I using simple_html_dom for scrape pages website, the problem is if i want to scrape many page like 500 url pages that takes a long time (5-30 minutes) to complete, and thats make my server error 500.
Some of these things I've done is:
- try using set_time_limit
- set ini_set('max_execution_time')
- add delay() timing
I many read from stackoverflow to use cronjob to split Long Running PHP Scripts, my question is How to split Long Running PHP Scripts ? can u give best way to split it ? can u give me step by step script because iam a beginner.

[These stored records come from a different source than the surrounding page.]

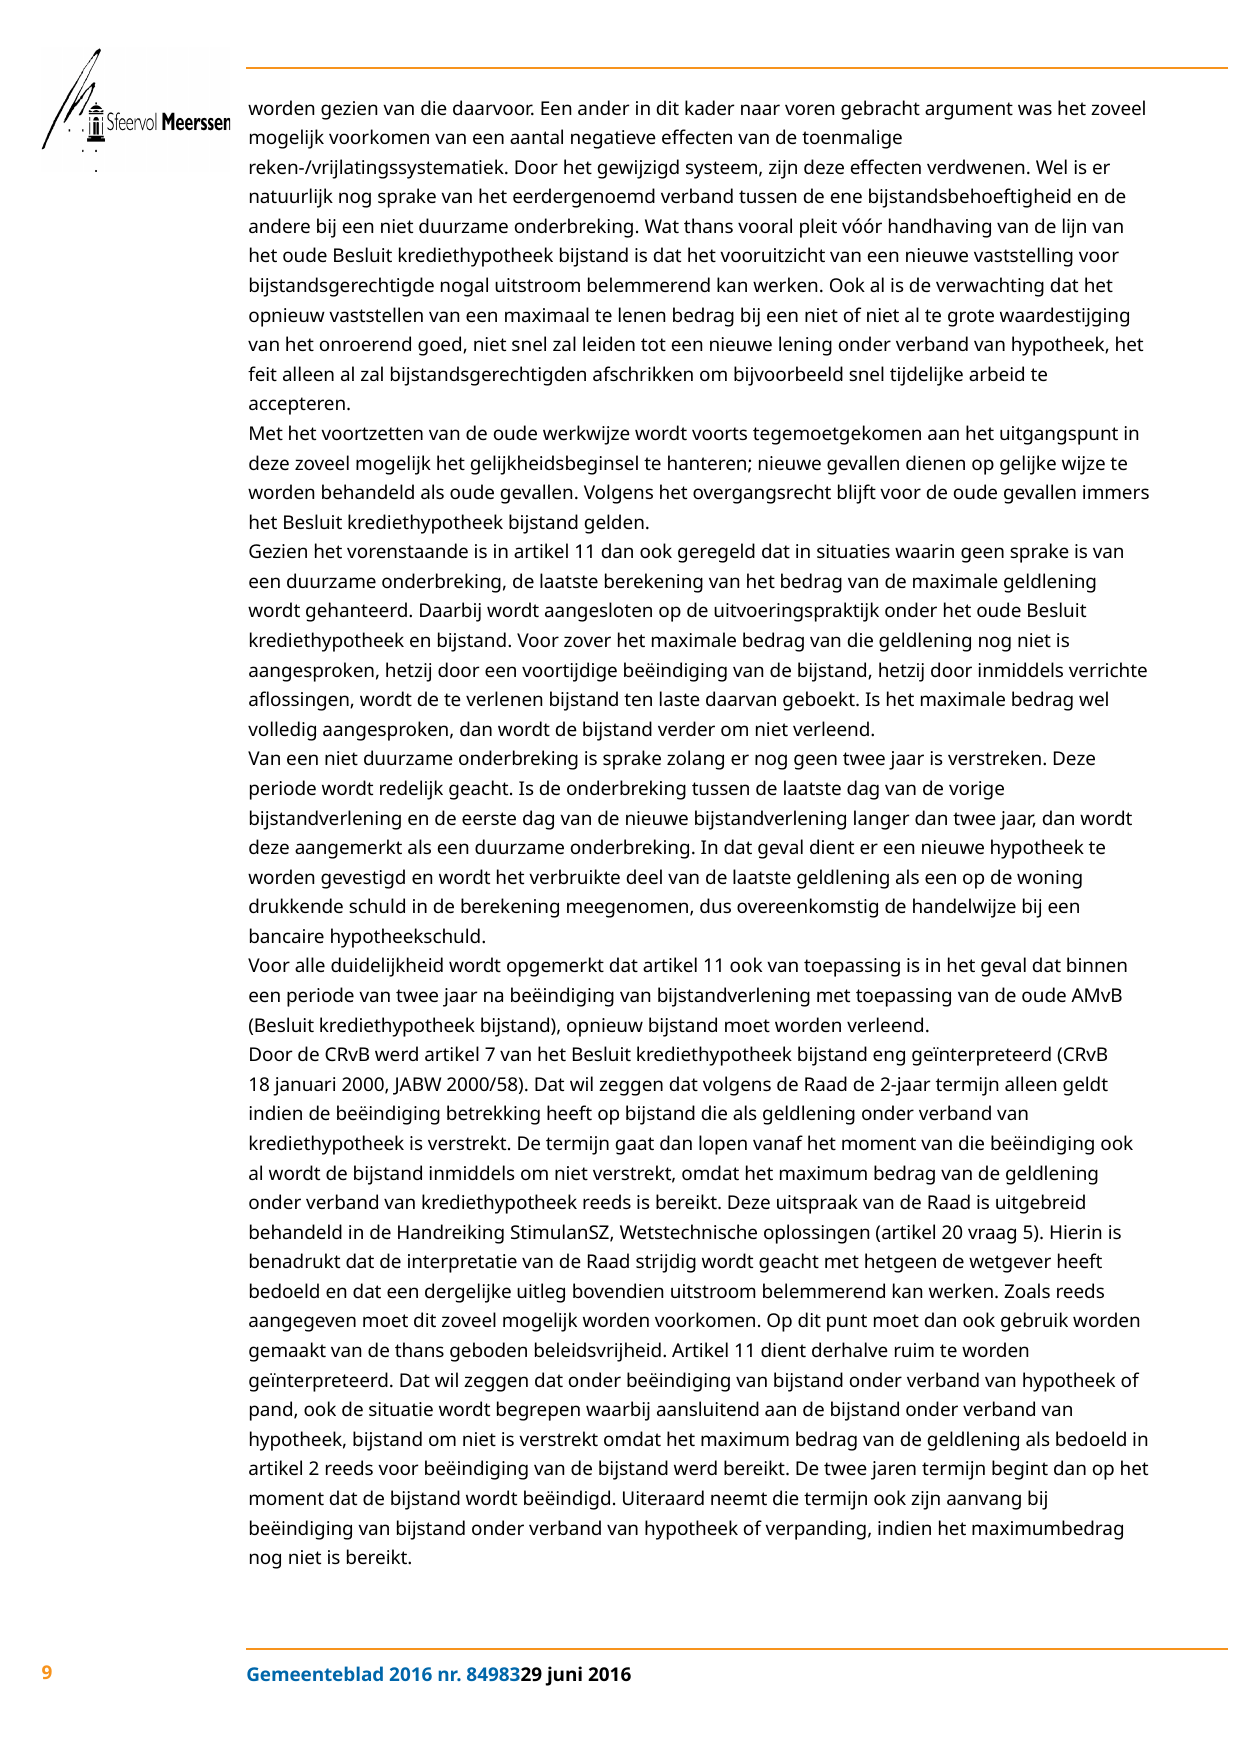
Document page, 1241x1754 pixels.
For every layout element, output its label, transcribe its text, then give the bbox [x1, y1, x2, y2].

text Door de CRvB werd artikel 7 van het Besluit krediethypotheek bijstand eng geïnterpreteerd (CRvB 18 januari 2000, JABW 2000/58). Dat wil zeggen dat volgens de Raad de 2-jaar termijn alleen geldt indien de beëindiging betrekking heeft op bijstand die als geldlening onder verband van krediethypotheek is verstrekt. De termijn gaat dan lopen vanaf het moment van die beëindiging ook al wordt de bijstand inmiddels om niet verstrekt, omdat het maximum bedrag van de geldlening onder verband van krediethypotheek reeds is bereikt. Deze uitspraak van de Raad is uitgebreid behandeld in de Handreiking StimulanSZ, Wetstechnische oplossingen (artikel 20 vraag 5). Hierin is benadrukt dat de interpretatie van de Raad strijdig wordt geacht met hetgeen de wetgever heeft bedoeld en dat een dergelijke uitleg bovendien uitstroom belemmerend kan werken. Zoals reeds aangegeven moet dit zoveel mogelijk worden voorkomen. Op dit punt moet dan ook gebruik worden gemaakt van de thans geboden beleidsvrijheid. Artikel 11 dient derhalve ruim te worden geïnterpreteerd. Dat wil zeggen dat onder beëindiging van bijstand onder verband van hypotheek of pand, ook de situatie wordt begrepen waarbij aansluitend aan de bijstand onder verband van hypotheek, bijstand om niet is verstrekt omdat het maximum bedrag van de geldlening als bedoeld in artikel 2 reeds voor beëindiging van de bijstand werd bereikt. De twee jaren termijn begint dan op het moment dat de bijstand wordt beëindigd. Uiteraard neemt die termijn ook zijn aanvang bij beëindiging van bijstand onder verband van hypotheek of verpanding, indien het maximumbedrag nog niet is bereikt. [248, 1041, 1152, 1570]
text Gezien het vorenstaande is in artikel 11 dan ook geregeld dat in situaties waarin geen sprake is van een duurzame onderbreking, de laatste berekening van het bedrag van de maximale geldlening wordt gehanteerd. Daarbij wordt aangesloten op de uitvoeringspraktijk onder het oude Besluit krediethypotheek en bijstand. Voor zover het maximale bedrag van die geldlening nog niet is aangesproken, hetzij door een voortijdige beëindiging van de bijstand, hetzij door inmiddels verrichte aflossingen, wordt de te verlenen bijstand ten laste daarvan geboekt. Is het maximale bedrag wel volledig aangesproken, dan wordt de bijstand verder om niet verleend. [248, 538, 1152, 742]
text worden gezien van die daarvoor. Een ander in dit kader naar voren gebracht argument was het zoveel mogelijk voorkomen van een aantal negatieve effecten van de toenmalige reken-/vrijlatingssystematiek. Door het gewijzigd systeem, zijn deze effecten verdwenen. Wel is er natuurlijk nog sprake van het eerdergenoemd verband tussen de ene bijstandsbehoeftigheid en de andere bij een niet duurzame onderbreking. Wat thans vooral pleit vóór handhaving van de lijn van het oude Besluit krediethypotheek bijstand is dat het vooruitzicht van een nieuwe vaststelling voor bijstandsgerechtigde nogal uitstroom belemmerend kan werken. Ook al is de verwachting dat het opnieuw vaststellen van een maximaal te lenen bedrag bij een niet of niet al te grote waardestijging van het onroerend goed, niet snel zal leiden tot een nieuwe lening onder verband van hypotheek, het feit alleen al zal bijstandsgerechtigden afschrikken om bijvoorbeeld snel tijdelijke arbeid te accepteren. [248, 95, 1152, 416]
text Voor alle duidelijkheid wordt opgemerkt dat artikel 11 ook van toepassing is in het geval dat binnen een periode van twee jaar na beëindiging van bijstandverlening met toepassing van de oude AMvB (Besluit krediethypotheek bijstand), opnieuw bijstand moet worden verleend. [248, 953, 1152, 1038]
text Met het voortzetten van de oude werkwijze wordt voorts tegemoetgekomen aan het uitgangspunt in deze zoveel mogelijk het gelijkheidsbeginsel te hanteren; nieuwe gevallen dienen op gelijke wijze te worden behandeld als oude gevallen. Volgens het overgangsrecht blijft voor de oude gevallen immers het Besluit krediethypotheek bijstand gelden. [248, 420, 1152, 535]
text Van een niet duurzame onderbreking is sprake zolang er nog geen twee jaar is verstreken. Deze periode wordt redelijk geacht. Is de onderbreking tussen de laatste dag van de vorige bijstandverlening en de eerste dag van de nieuwe bijstandverlening langer dan twee jaar, dan wordt deze aangemerkt als een duurzame onderbreking. In dat geval dient er een nieuwe hypotheek te worden gevestigd en wordt het verbruikte deel van de laatste geldlening als een op de woning drukkende schuld in de berekening meegenomen, dus overeenkomstig de handelwijze bij een bancaire hypotheekschuld. [248, 746, 1152, 949]
picture [41, 47, 231, 172]

About my program, i have two file : file 1, i have array more than 500 link url file 2, this file have function to process scrape
example this is file 1:
set_time_limit(0);
ini_set('max_execution_time', 3000); //3000 seconds = 30 minutes
$start = microtime(true); // start check render time page
error_reporting(E_ALL);
ini_set('display_errors', 1);
include ("simple_html_dom.php");
include ("scrape.php");
$link=array('url1','url2','url3'...);
array_chunk($link, 25); // this i try to split for 25 but not working
$hasilScrape = array();
for ( $i=1; $i<=count($link); $i++){
//this is the process i want to call function get_data to scrape
$hasilScrape[$i-1] = json_decode(get_data($link[$i-1]), true);
}
$filename='File_Hasil_Scrape';
$fp = fopen($filename . ".csv", 'w');
foreach ($hasilScrape as $fields) {
fputcsv($fp, $fields);
}
fclose($fp);
i have thinking can i split array link for 25 array and thank i pause or make it stop for temporary (NOT DELAY because i have been try it no useless) the proses and run again, can u tell me please, thank you so much.